Source records
*** Block opens ***

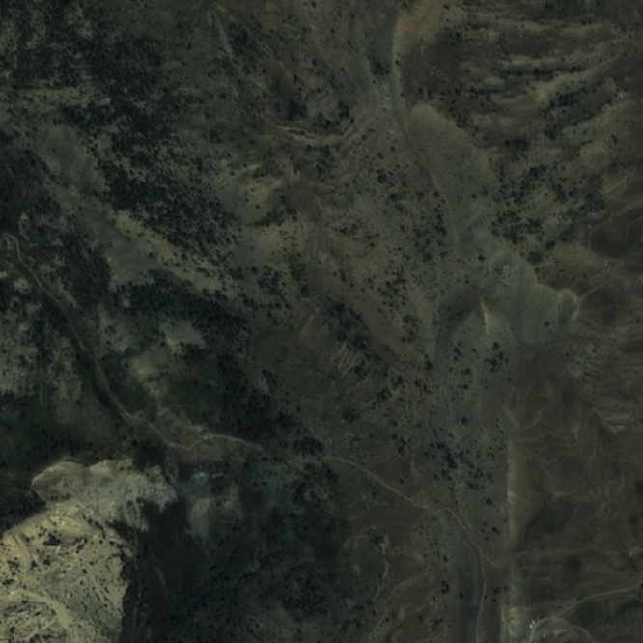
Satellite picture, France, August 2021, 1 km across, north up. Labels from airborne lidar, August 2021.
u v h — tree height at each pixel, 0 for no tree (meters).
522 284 0
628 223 0
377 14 0
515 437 0
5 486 0
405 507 0
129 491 0
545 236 0
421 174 0
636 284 0
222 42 0
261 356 0
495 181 0
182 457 0
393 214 0
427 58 0
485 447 0
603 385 0
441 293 0
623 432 0
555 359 0
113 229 0
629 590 0
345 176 0
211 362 0
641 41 0
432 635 0
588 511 0
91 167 0
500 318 0
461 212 0
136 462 0
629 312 0
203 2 0
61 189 0
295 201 0
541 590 0
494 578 0
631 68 0
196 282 0
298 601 9
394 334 0
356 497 0
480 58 0
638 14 0
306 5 0
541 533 0
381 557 0
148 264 0
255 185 0
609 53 0
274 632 0
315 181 0
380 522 0
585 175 0
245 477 0
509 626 0
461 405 0
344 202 0
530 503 0
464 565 0
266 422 8
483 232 0
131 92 7
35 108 0
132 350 0
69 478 0
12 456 0
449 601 0
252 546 0
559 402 0
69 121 5
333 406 0
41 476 0
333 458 0
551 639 0
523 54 0
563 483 0
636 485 0
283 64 0
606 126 0
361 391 0
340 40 0
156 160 6
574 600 0
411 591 0
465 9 0
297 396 0
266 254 0
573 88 0
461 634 0
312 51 0
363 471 0
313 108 0
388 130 0
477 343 0
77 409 0
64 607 0
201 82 0
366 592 0
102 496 0
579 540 0
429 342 0
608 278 0
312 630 0
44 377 0
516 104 0
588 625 0
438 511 0
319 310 0
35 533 0
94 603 0
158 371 0
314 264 0
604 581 0
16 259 0
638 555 0
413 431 0
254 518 0
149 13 0
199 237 9
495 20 0
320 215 0
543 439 0
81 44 9
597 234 0
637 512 0
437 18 0
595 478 0
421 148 0
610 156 0
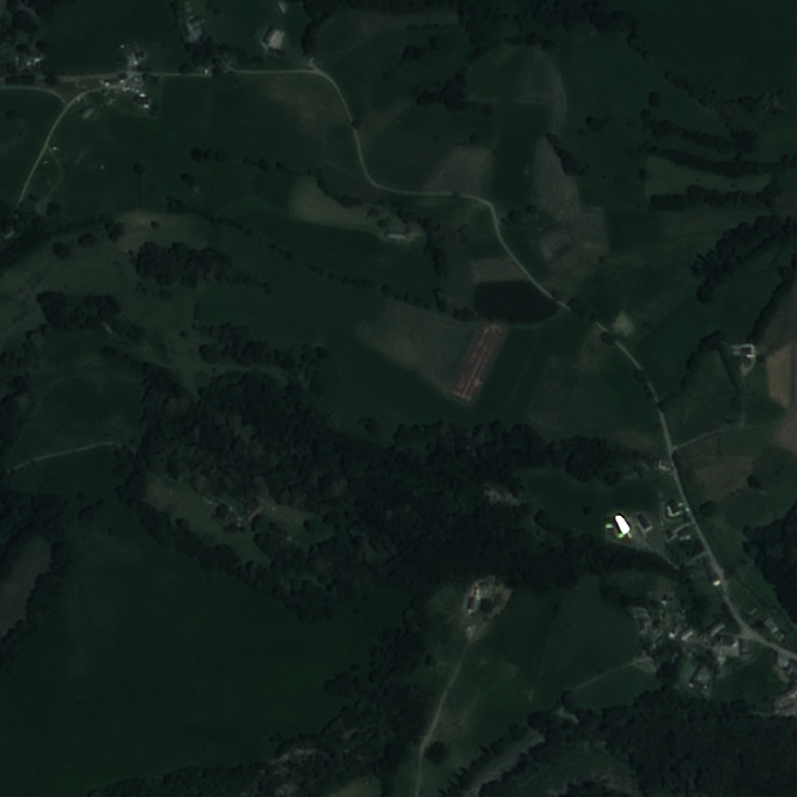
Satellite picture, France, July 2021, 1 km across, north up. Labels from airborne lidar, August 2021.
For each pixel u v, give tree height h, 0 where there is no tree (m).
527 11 7
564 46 0
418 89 8
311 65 0
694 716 20
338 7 12
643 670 0
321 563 24
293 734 0
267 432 14
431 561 24
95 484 0
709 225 0
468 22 10
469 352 0
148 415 16
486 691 0
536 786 0
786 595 20
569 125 0
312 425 14
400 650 24
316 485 23
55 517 9
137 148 0
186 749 0
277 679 0
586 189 0
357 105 0
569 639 0
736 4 0
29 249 8
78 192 0
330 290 0
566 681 0
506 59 0
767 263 0
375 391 0
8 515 12
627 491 0
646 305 0
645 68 0
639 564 10
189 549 17
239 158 0
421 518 22
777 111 12
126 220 0
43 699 0
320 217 0
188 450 23
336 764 25
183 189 0
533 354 0
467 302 0
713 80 0
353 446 17
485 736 0
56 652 0
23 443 0
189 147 0
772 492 0
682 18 0
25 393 10
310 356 9
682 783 18
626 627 0
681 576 11
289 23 0
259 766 17
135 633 0
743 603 0
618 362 0
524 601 0
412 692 21
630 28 18
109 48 0
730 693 0
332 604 22
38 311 0
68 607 0
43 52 9
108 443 0
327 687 14
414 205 0
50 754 0
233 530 12
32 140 0
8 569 19
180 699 0
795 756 22
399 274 0
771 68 0
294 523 0
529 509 14
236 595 0
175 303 0
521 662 0
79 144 0
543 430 0
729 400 0
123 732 0
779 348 0
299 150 0
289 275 0
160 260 16
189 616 0
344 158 0
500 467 13
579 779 0
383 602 0
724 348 10
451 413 0
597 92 0
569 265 0
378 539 12
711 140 15
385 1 13
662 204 20
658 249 0
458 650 0
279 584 21
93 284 0
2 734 0
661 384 0
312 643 0
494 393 0
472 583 9
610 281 0
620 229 0
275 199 0
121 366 0
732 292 0
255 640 0
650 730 22
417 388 0
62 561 16
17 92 0
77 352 0
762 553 14
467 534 31
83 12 0
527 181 0
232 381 9
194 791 24
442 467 12
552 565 20
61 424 0
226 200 0
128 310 0
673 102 0
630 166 0
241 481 23
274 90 0
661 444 0
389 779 20
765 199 17
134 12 0
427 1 9
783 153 0
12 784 0
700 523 7
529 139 0
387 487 31
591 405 0
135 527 0
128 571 0
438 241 16
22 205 11
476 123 0
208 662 0
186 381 0
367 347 0
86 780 0
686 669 0
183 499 0
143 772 0
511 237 0
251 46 0
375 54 0
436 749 11
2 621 0
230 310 0
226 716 0
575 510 0
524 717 0
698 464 0
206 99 0
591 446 10
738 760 20
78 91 0
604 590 12
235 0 0
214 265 21
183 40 7
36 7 29
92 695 0
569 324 0
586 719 20
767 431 0
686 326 0
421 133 0
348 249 0

*** Block closes ***

EXERCISE INSTRUCTIONS - Each line of the data above containing the string "across" is to be copied.

EXERCISE RESULT -
Satellite picture, France, August 2021, 1 km across, north up. Labels from airborne lidar, August 2021.
Satellite picture, France, July 2021, 1 km across, north up. Labels from airborne lidar, August 2021.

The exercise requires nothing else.